All U.S. employers are responsible for completion and retention of Form I-9 for each individual they hire for employment in the United States. This includes citizens and noncitizens. On the form, the employer must verify the employment eligibility and identity documents presented by the employee and record the document information on the Form I-9. Acceptable documents are listed on the back of the form, and detailed below under “Special Instructions.”  Failure to complete the Form I-9 could result in fines & other penalties.

Click here to view the Employer’s Handbook to completing the Form I-9.  
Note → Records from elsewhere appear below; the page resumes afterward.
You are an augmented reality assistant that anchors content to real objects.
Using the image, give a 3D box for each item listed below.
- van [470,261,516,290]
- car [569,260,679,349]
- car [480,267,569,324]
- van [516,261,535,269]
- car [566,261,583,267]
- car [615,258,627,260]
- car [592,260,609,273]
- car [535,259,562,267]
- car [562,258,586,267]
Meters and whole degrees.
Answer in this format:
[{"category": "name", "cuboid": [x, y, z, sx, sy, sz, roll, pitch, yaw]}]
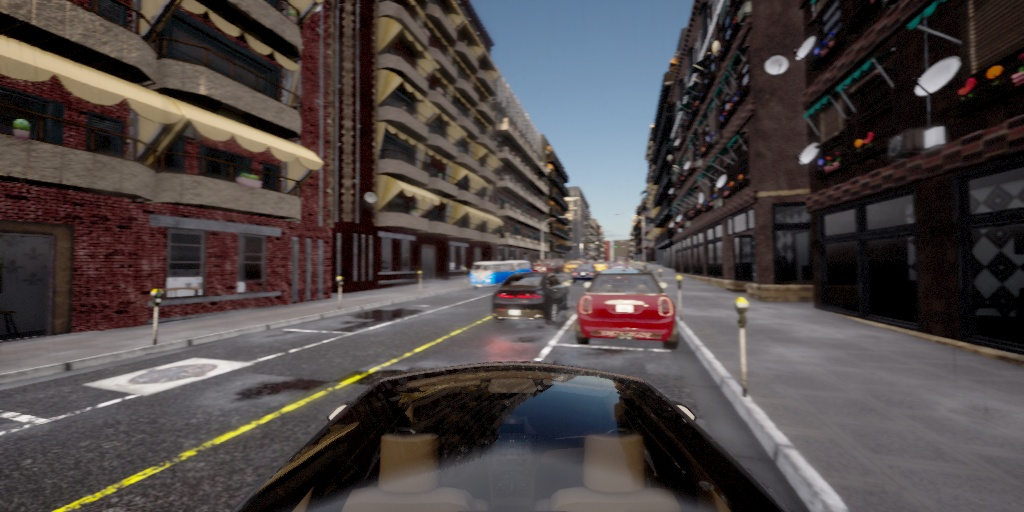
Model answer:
[{"category": "van", "cuboid": [-1.330, 1.250, 23.446, 1.690, 1.789, 3.998, 0, 0, 17]}, {"category": "car", "cuboid": [2.948, 1.095, 9.394, 2.097, 1.767, 4.553, -1, 0, 17]}, {"category": "car", "cuboid": [0.800, 1.304, 12.185, 1.837, 1.490, 4.892, -1, 0, 17]}, {"category": "van", "cuboid": [0.324, 1.259, 28.724, 1.690, 1.789, 3.998, 0, 0, 17]}, {"category": "car", "cuboid": [5.947, 1.365, 28.607, 2.033, 1.411, 5.357, -1, 0, 17]}, {"category": "car", "cuboid": [11.141, 1.228, 36.862, 1.967, 1.591, 4.097, 0, 0, 17]}, {"category": "car", "cuboid": [11.717, 1.317, 47.363, 1.801, 1.575, 5.366, -1, 0, 17]}, {"category": "car", "cuboid": [3.632, 1.253, 39.278, 2.192, 1.841, 5.009, 0, 0, 17]}, {"category": "car", "cuboid": [7.780, 1.381, 44.108, 1.882, 1.535, 5.008, -1, -1, 18]}]

The employer should not file Form I-9 with U.S. Immigrations and Customs Enforcement (ICE) or USCIS. Form I-9 must be kept by the employer either for three years after the date of hire or for one year after employment is terminated, whichever is later. The form must be available for inspection by the authorized U.S. Government officials (e.g., ICE, Department of Labor).
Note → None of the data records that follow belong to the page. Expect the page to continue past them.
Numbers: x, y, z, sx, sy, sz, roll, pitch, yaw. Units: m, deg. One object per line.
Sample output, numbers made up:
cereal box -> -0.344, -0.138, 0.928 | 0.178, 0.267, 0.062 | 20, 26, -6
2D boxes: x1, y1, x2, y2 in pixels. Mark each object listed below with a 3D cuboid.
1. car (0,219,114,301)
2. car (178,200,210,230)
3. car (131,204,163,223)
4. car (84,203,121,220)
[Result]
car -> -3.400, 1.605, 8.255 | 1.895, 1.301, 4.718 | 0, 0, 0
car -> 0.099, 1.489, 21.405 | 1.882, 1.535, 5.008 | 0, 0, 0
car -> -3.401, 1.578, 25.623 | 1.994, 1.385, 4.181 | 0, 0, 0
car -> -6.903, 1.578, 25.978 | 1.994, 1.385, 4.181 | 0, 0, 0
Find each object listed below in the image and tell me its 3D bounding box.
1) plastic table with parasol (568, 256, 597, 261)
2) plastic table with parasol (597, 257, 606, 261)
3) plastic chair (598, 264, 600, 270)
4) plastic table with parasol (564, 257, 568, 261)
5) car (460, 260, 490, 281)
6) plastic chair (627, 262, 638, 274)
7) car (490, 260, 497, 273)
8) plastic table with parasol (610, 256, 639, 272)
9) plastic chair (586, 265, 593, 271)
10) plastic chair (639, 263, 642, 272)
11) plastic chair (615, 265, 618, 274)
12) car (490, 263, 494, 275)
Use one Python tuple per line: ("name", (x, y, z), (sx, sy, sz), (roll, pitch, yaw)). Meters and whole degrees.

Click here for fillable Form I-9.

Please note the following changes to the Form I-9 process:

  • Form I-766 (Employment Authorization Document), although not listed on the 5/31/05 version of the Form I-9, is an acceptable List A document #10.
  • Form I-151 is no longer an acceptable List A document #5. However, Form I-551 remains an acceptable List A document #5.
  • The following documents have been removed from the list of acceptable identity and work authorization documents: Certificate of U.S. Citizenship (List A #2), Certificate of Naturalization (List A #3), Unexpired Reentry Permit (List A #8) and Unexpired Refugee Travel Document (List A #9).

Frequently Asked Questions

Do citizens and nationals of the U. S. need to prove to their employers that they are eligible to work?
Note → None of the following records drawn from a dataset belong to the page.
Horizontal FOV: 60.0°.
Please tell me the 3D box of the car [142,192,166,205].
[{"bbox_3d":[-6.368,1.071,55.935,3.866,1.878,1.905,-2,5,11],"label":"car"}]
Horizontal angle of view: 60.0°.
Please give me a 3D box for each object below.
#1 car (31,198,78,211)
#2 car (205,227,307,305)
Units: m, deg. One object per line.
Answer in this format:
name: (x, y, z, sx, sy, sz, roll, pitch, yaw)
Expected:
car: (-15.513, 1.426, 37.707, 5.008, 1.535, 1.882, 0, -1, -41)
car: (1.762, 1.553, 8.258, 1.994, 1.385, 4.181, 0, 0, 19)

Yes. While citizens and nationals of the U.S. are automatically eligible for employment, they too must present proof of employment eligibility and identity and complete an Employment Eligibility Verification form (Form I-9). Citizens of the U.S. include persons born in Puerto Rico, Guam, the U.S. Virgin Islands, and the Northern Mariana Islands. Nationals of the U.S. include persons born in American Samoa, including Swains Island.

Do I need to complete a Form I-9 for everyone who applies for a job with my company?
No. You need to complete Form I-9 only for people you actually hire. For purposes of the I-9 rules, a person is “hired” when he or she begins to work for you for wages or other compensation.

I understand that I must complete a Form I-9 for anyone I hire to perform labor or services in return for wages or other remuneration. What is “remuneration”?
Remuneration is anything of value given in exchange for labor or services rendered by an employee, including food and lodging.

Can I fire an employee who fails to produce the required document(s) within three (3) business days?
Yes. You can terminate an employee who fails to produce the required document(s), or a receipt for a replacement document(s) (in the case of lost, stolen or destroyed documents), within three (3) business days of the date employment begins. However, you must apply these practices uniformly to all employees. If an employee has presented a receipt for a replacement document(s), he or she must produce the actual document(s) within 90 days of the date employment begins.

What happens if I properly complete a Form I-9 and the ICE discovers that my employee is not actually authorized to work?
You cannot be charged with a verification violation; however, you cannot knowingly continue to employ this individual. You will have a good faith defense against the imposition of employer sanctions penalties for knowingly hiring an unauthorized alien unless the government can prove you had actual knowledge of the unauthorized status of the employee.

What is my responsibility concerning the authenticity of document(s) presented to me?
You must examine the document(s) and, if they reasonably appear on their face to be genuine and to relate to the person presenting them, you must accept them. To do otherwise could be an unfair immigration-related employment practice. If a document does not reasonably appear on its face to be genuine and to relate to the person presenting it, you must not accept it. You may contact your local ICE office for assistance. To get the address and telephone number of the ICE office nearest you, please click the ICE district office directory.

May I accept a photocopy of a document presented by an employee?
No. Employees must present original documents. The only exception is an employee may present a certified copy of a birth certificate.